Out of interest, what’s missing that you were expecting to see, @stevieflow? The generated datetime for the FAO Activities is currently 2017-06-26, and the datastore has parsed the data more recently than that… So that looks correct to me.
Crawler appears to be broken again.
I've restarted the server and it seems to be updating again - by the looks of it, the crawler is set to run on reboot, and if it stops running then that's it.
Have also added an action to create a test that automatically checks that the Datastore has updated its contained data recently (like the equivalent test for the Dashboard).
I was thinking about this last night and remembered that issue #230 exists.
It might be that the worker is only set to run at reboot because it is designed to be constantly running, even after it finishes parsing queued datasets.
That’s right – the worker (iati queue background
) should constantly run (and presumably should just restart on reboot). The crawler (iati crawl update
) should run every 24 hours (and presumably should run on a cron).
It looooooks like everything is working normally now… When I run locally, the last_fetched
data looks reasonably similar.
Hi everybody!
So after some digging and things we've determined that last_fetch
and last_successful_fetch
don't update for every dataset every time the crawler runs. They only update based on changes to the IATI registry. If no changes have been detected by the registry, the crawler will skip these datasets. So excluding problems with the registry and the Datastore going down, the crawler should run, as scheduled, every day.
So after some digging and things we've determined that
last_fetch
andlast_successful_fetch
don't update for every dataset every time the crawler runs.
That is true, although it’s not how it’s documented to work: http://datastore.iatistandard.org/docs/api/error/#general-data
…so there’s an issue there.
This issue was about the fact that none of the last_fetch
dates were recent, which strongly suggested that something was awry! The bug in question was resolved in #272, and then some mysterious problem was resolved by restarting.
I’m still not really confident that this does, in fact, run nightly as advertised, which was why I left this ticket open. But as a datastore user, it’s not terribly easy to ascertain whether everything is fine. It would be wonderful if http://datastore.iatistandard.org/api/1/about provided more reliable data – rather than a hardcoded ok: True
and status: healthy
:
At that time there were some problems with the registry that would have made the crawler think no updates had been made for a while. The crawler does run nightly regardless. The problem is with the Registry, not the Datastore.
Other issues found in the process of looking at this one (such as docs) should have their own issue.
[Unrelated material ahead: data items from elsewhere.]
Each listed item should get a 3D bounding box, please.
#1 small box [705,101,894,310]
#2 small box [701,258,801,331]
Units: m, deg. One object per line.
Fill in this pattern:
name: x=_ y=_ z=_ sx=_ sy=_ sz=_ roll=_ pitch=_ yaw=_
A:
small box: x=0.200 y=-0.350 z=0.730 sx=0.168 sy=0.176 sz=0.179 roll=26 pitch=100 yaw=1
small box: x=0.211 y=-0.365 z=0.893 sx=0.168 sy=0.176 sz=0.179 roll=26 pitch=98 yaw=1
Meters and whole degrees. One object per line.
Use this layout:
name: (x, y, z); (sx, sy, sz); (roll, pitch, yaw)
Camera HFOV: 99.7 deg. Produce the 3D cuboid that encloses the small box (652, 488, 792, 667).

At that time there were some problems with the registry that would have made the crawler think no updates had been made for a while.
Good to have this update! I don’t think I had any idea about that.
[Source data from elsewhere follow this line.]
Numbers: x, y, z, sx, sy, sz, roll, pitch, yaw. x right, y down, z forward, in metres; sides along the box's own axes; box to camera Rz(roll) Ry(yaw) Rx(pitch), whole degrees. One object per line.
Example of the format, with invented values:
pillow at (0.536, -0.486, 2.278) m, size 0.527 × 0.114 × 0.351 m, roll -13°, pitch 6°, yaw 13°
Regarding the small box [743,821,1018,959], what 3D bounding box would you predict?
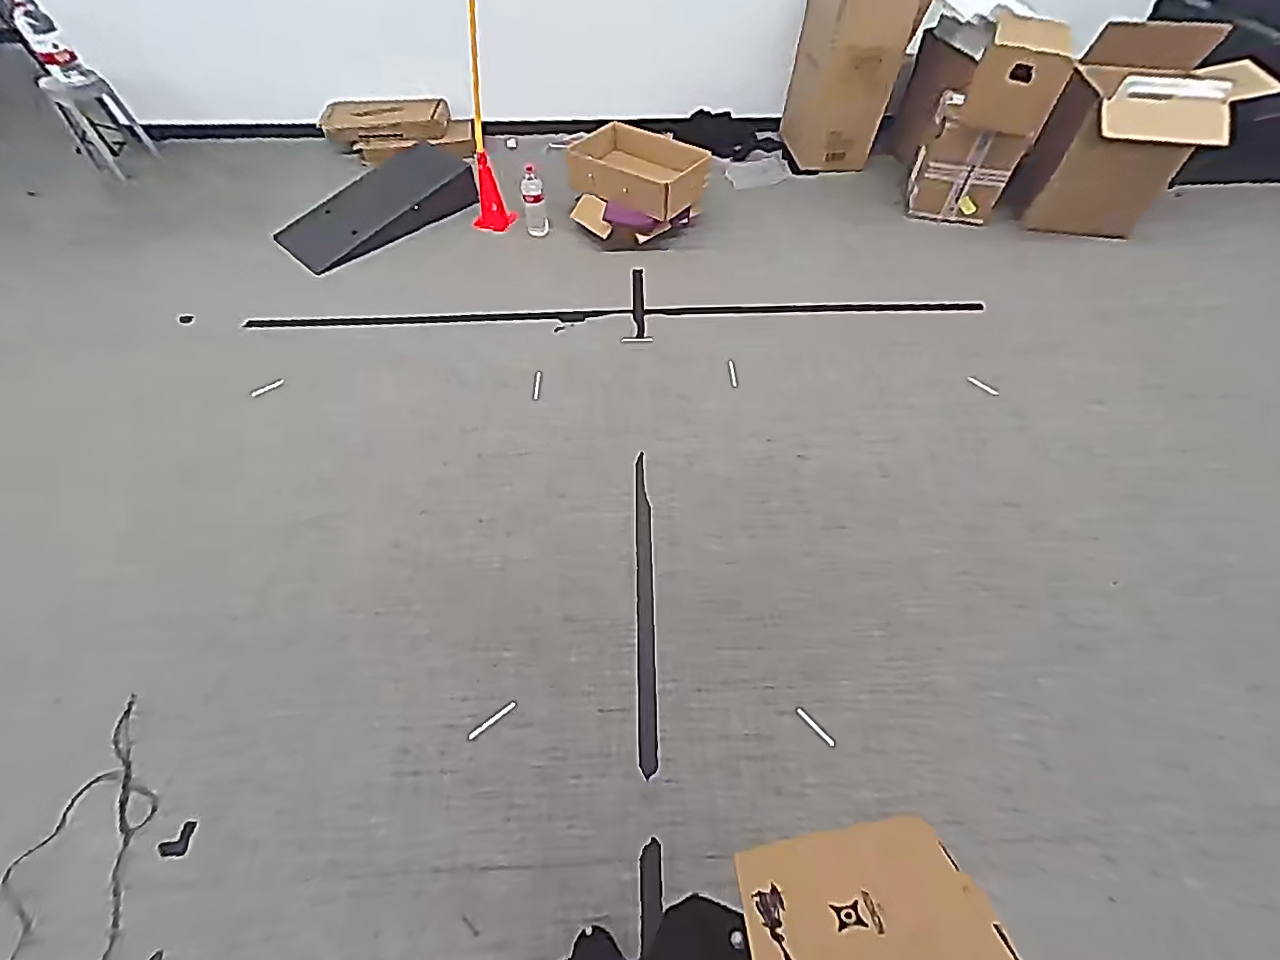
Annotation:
small box at (0.193, 0.418, 0.428) m, size 0.179 × 0.168 × 0.176 m, roll -13°, pitch 94°, yaw 3°
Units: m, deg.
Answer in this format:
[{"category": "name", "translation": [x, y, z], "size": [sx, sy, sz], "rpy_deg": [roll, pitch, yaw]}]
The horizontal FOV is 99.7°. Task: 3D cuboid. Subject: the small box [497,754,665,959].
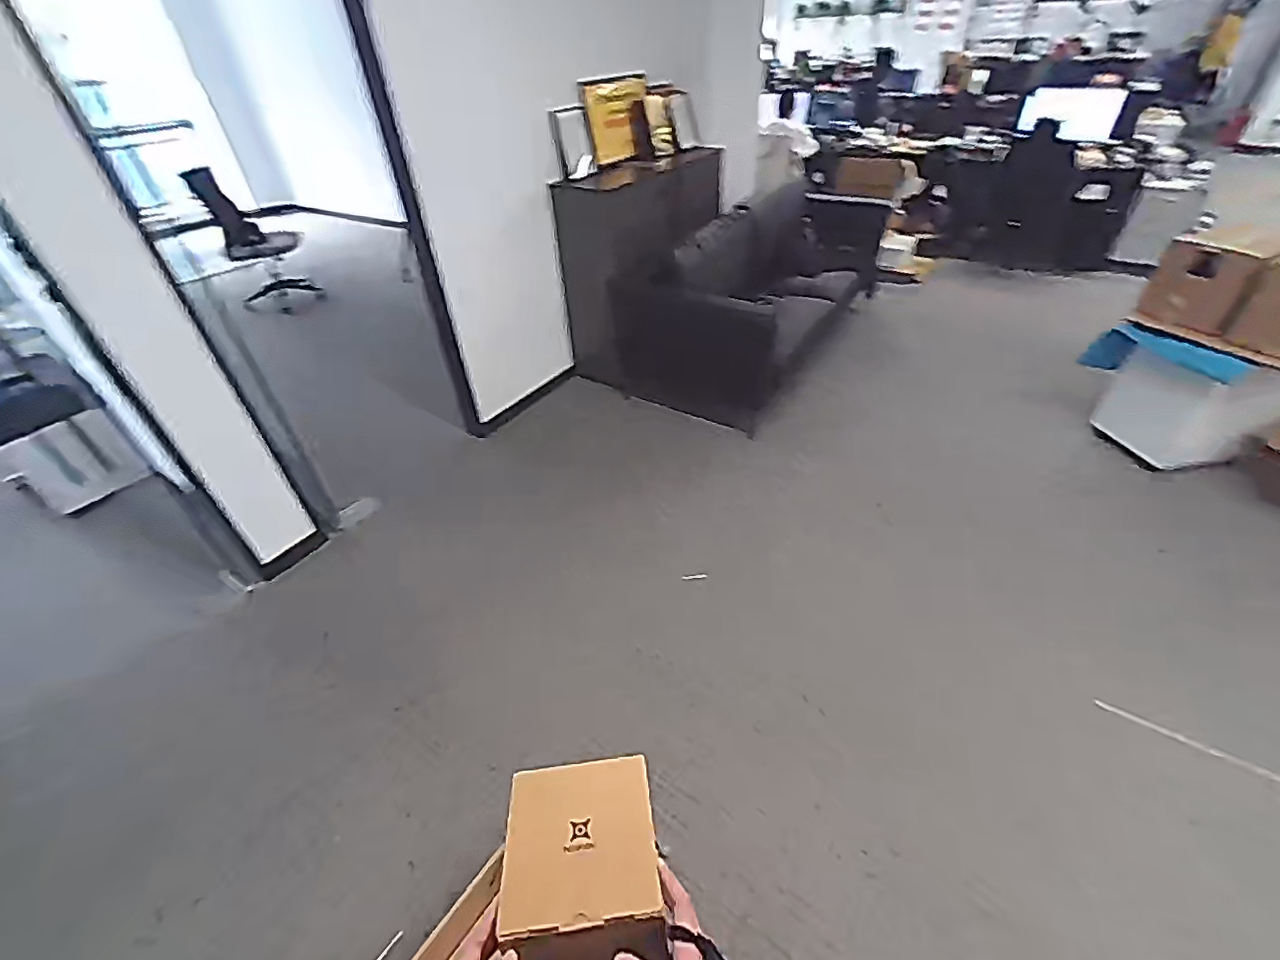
[{"category": "small box", "translation": [-0.062, 0.460, 0.634], "size": [0.168, 0.176, 0.179], "rpy_deg": [-5, 27, -4]}]

The crawler does run nightly regardless.
My point here is: I have no way of verifying that. So it’s not that I don’t trust you… But a route that tells me what happened and when would help set my mind at ease. The publicly accessible crawler monitoring data is not up to scratch. I’ve created an issue (#279) about that.
Other issues found in the process of looking at this one (such as docs) should have their own issue.
In fact, I was wrong about http://datastore.iatistandard.org/docs/api/error/#general-data – the documentation is accurate on this.
Why was this issue closed? The Datastore does not appear to be running nightly. See #268
Why was this issue closed?
As noted by @allthatilk, the Datastore is working as expected.
As noted by @allthatilk, the Datastore is working as expected.
@allthatilk’s comment was:
So excluding problems with the registry and the Datastore going down, the crawler should run, as scheduled, every day.
But this certainly doesn’t mean the Datastore is working as expected. Indeed, #268 is a clear example of the Datastore not working as expected.
Documentation suggests the datastore crawler runs daily… But checking
last_fetch
date on all datasets, the most recent update wasnearlyover a week ago.